JetBlue Shakes Up Pilot Hiring by Training Them from Scratch - wcbeard10
http://www.bloomberg.com/news/articles/2015-11-25/jetblue-to-shake-up-hiring-on-start-from-scratch-pilot-training
======
brbsix
At least from what little is mentioned (and what very little I know on the
subject), this sounds like a terrible way to become a commercial pilot. If you
can't go a more traditional route like military or Embry-Riddle, it seems like
an airline in the developing world would by far be the most fun. I think Susi
Air was hiring/training foreign pilots with little to no prior experience,
though due to new legislation I believe there is now a 250hr requirement.

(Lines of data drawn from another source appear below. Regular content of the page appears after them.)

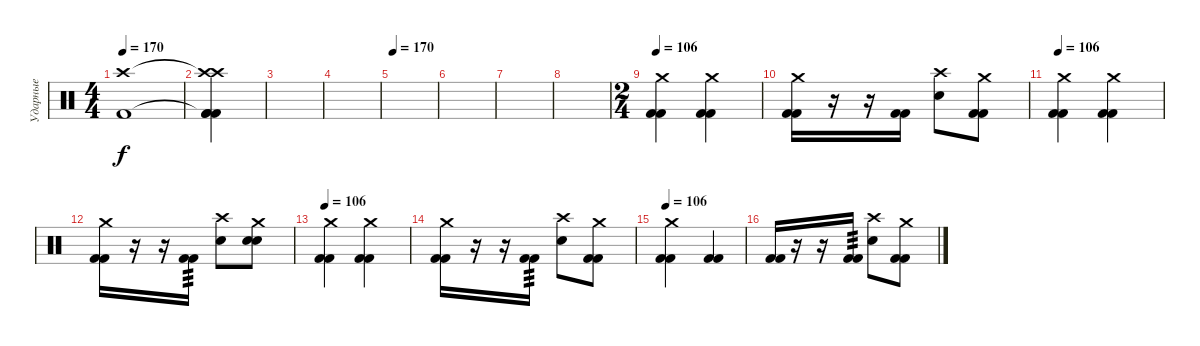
\track ("Ударные" "Ударные") {instrument percussion}
\staff {score}
\articulation defaults
\ts (4 4)
\tempo 170
\clef neutral
\ks c
("Crash high (hit)" "Kick (hit) 2").1{dy f} |
("Crash high (hit)"{t} "Kick (hit) 2"{t} "Kick (hit) 2" "Kick (hit) 2" "Crash high (hit)").4 |
|
|
\tempo 170
|
|
|
|
\ts (2 4)
\tempo 106
("Crash medium (hit)" "Kick (hit) 2" "Kick (hit) 2").4 ("Crash medium (hit)" "Kick (hit) 2" "Kick (hit) 2").4 |
("Crash medium (hit)" "Kick (hit) 2" "Kick (hit) 2").16 r.16 r.16 ("Kick (hit) 2" "Kick (hit) 2").16 ("Crash high (hit)" "Electric Snare (hit)").8 ("Crash medium (hit)" "Kick (hit) 2" "Kick (hit) 2").8 |
\tempo 106
("Crash medium (hit)" "Kick (hit) 2" "Kick (hit) 2").4 ("Crash medium (hit)" "Kick (hit) 2" "Kick (hit) 2").4 |
("Crash medium (hit)" "Kick (hit) 2" "Kick (hit) 2").16 r.16 r.16 ("Kick (hit) 2" "Kick (hit) 2").16{tp 3} ("Crash high (hit)" "Electric Snare (hit)").8 ("Crash medium (hit)" "Electric Snare (hit)" "Electric Snare (hit)").8 |
\tempo 106
("Crash medium (hit)" "Kick (hit) 2" "Kick (hit) 2").4 ("Crash medium (hit)" "Kick (hit) 2" "Kick (hit) 2").4 |
("Crash medium (hit)" "Kick (hit) 2" "Kick (hit) 2").16 r.16 r.16 ("Kick (hit) 2" "Kick (hit) 2").16{tp 3} ("Crash high (hit)" "Electric Snare (hit)").8 ("Crash medium (hit)" "Kick (hit) 2" "Kick (hit) 2").8 |
\tempo 106
("Crash medium (hit)" "Kick (hit) 2" "Kick (hit) 2").4 ("Kick (hit) 2" "Kick (hit) 2").4 |
("Kick (hit) 2" "Kick (hit) 2").16 r.16 r.16 ("Kick (hit) 2" "Kick (hit) 2").16{tp 3} ("Crash high (hit)" "Electric Snare (hit)").8 ("Crash medium (hit)" "Kick (hit) 2" "Kick (hit) 2").8
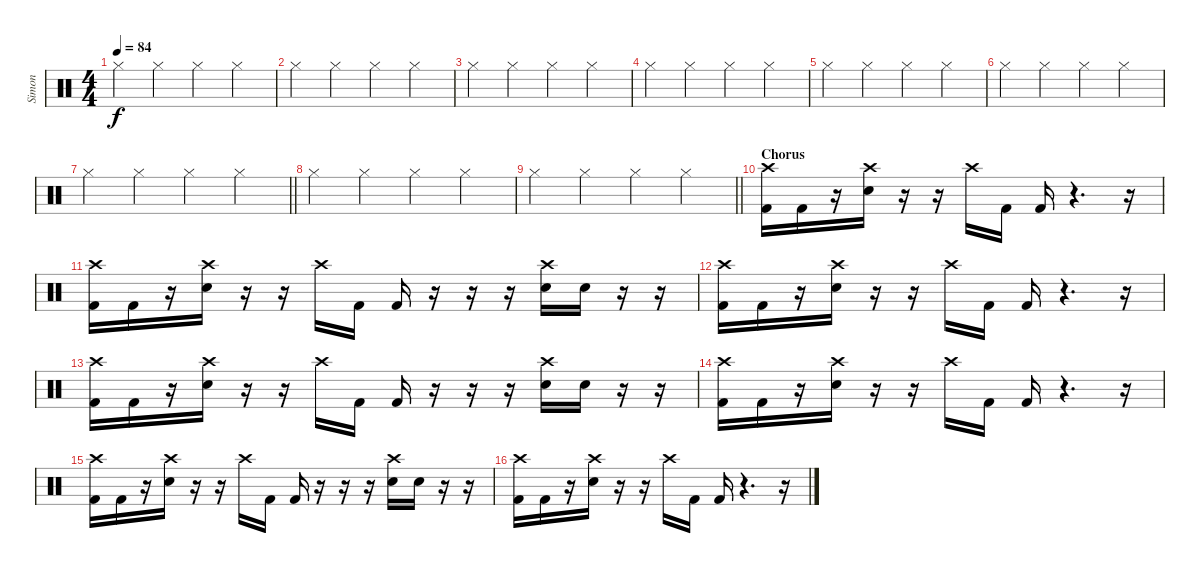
\track ("Simon" "Simon") {instrument percussion}
\staff {score}
\articulation defaults
\ts (4 4)
\tempo 84
\clef neutral
\ks c "Hi-Hat (closed)".4{dy f} "Hi-Hat (closed)".4 "Hi-Hat (closed)".4 "Hi-Hat (closed)".4
|
"Hi-Hat (closed)".4 "Hi-Hat (closed)".4 "Hi-Hat (closed)".4 "Hi-Hat (closed)".4 |
"Hi-Hat (closed)".4 "Hi-Hat (closed)".4 "Hi-Hat (closed)".4 "Hi-Hat (closed)".4 |
"Hi-Hat (closed)".4 "Hi-Hat (closed)".4 "Hi-Hat (closed)".4 "Hi-Hat (closed)".4 |
"Hi-Hat (closed)".4 "Hi-Hat (closed)".4 "Hi-Hat (closed)".4 "Hi-Hat (closed)".4 |
"Hi-Hat (closed)".4 "Hi-Hat (closed)".4 "Hi-Hat (closed)".4 "Hi-Hat (closed)".4 |
\barLineRight lightlight "Hi-Hat (closed)".4 "Hi-Hat (closed)".4 "Hi-Hat (closed)".4 "Hi-Hat (closed)".4
|
"Hi-Hat (closed)".4 "Hi-Hat (closed)".4 "Hi-Hat (closed)".4 "Hi-Hat (closed)".4 |
\barLineRight lightlight "Hi-Hat (closed)".4 "Hi-Hat (closed)".4 "Hi-Hat (closed)".4 "Hi-Hat (closed)".4
|
\section ("" "Chorus")
("Kick (hit) 2" "Crash high (hit)").16 "Kick (hit) 2".16 r.16 ("Snare (hit) 2" "Crash high (hit)").16 r.16 r.16 "Crash high (hit)".16 "Kick (hit) 2".16 "Kick (hit) 2".16 r.4{d} r.16 |
("Kick (hit) 2" "Crash high (hit)").16 "Kick (hit) 2".16 r.16 ("Snare (hit) 2" "Crash high (hit)").16 r.16 r.16 "Crash high (hit)".16 "Kick (hit) 2".16 "Kick (hit) 2".16 r.16 r.16 r.16 ("Snare (hit) 2" "Crash high (hit)").16 "Snare (hit) 2".16 r.16 r.16 |
("Kick (hit) 2" "Crash high (hit)").16 "Kick (hit) 2".16 r.16 ("Snare (hit) 2" "Crash high (hit)").16 r.16 r.16 "Crash high (hit)".16 "Kick (hit) 2".16 "Kick (hit) 2".16 r.4{d} r.16 |
("Kick (hit) 2" "Crash high (hit)").16 "Kick (hit) 2".16 r.16 ("Snare (hit) 2" "Crash high (hit)").16 r.16 r.16 "Crash high (hit)".16 "Kick (hit) 2".16 "Kick (hit) 2".16 r.16 r.16 r.16 ("Snare (hit) 2" "Crash high (hit)").16 "Snare (hit) 2".16 r.16 r.16 |
("Kick (hit) 2" "Crash high (hit)").16 "Kick (hit) 2".16 r.16 ("Snare (hit) 2" "Crash high (hit)").16 r.16 r.16 "Crash high (hit)".16 "Kick (hit) 2".16 "Kick (hit) 2".16 r.4{d} r.16 |
("Kick (hit) 2" "Crash high (hit)").16 "Kick (hit) 2".16 r.16 ("Snare (hit) 2" "Crash high (hit)").16 r.16 r.16 "Crash high (hit)".16 "Kick (hit) 2".16 "Kick (hit) 2".16 r.16 r.16 r.16 ("Snare (hit) 2" "Crash high (hit)").16 "Snare (hit) 2".16 r.16 r.16 |
("Kick (hit) 2" "Crash high (hit)").16 "Kick (hit) 2".16 r.16 ("Snare (hit) 2" "Crash high (hit)").16 r.16 r.16 "Crash high (hit)".16 "Kick (hit) 2".16 "Kick (hit) 2".16 r.4{d} r.16

Edit: I double-checked and there is now a 750hr requirement for foreign
pilots. What a bummer as there used to be opportunities for 0hr's in Indo.

------
fit2rule
There are already too many commercial pilots in the world, and almost all of
them are captive to the need to maintain their flight books by .. flying
often. This has been a common problem for decades now - too many pilots, not
enough planes for them to fly.

So what has happened is those who own and operate the planes have a glut on
their hands. They can choose the cheapest pilots available, and keep them
flying for cheap, simply because there are 10 more pilots out there willing to
fly just to maintain their certs.

The same is happening in software development. There are too many cheap
developers out there, willing to write software for beans, and thus producing
crappy software is the norm. Nobody wants to pay to do software 'properly'
these days - they want it down 'now'. Knowing that there are 100 developers
out there willing to work for peanuts, for every developer who expects to get
paid properly for doing the really hard work first, means that customers of
software development have a glut on their hands too. Its a buyers market,
simple.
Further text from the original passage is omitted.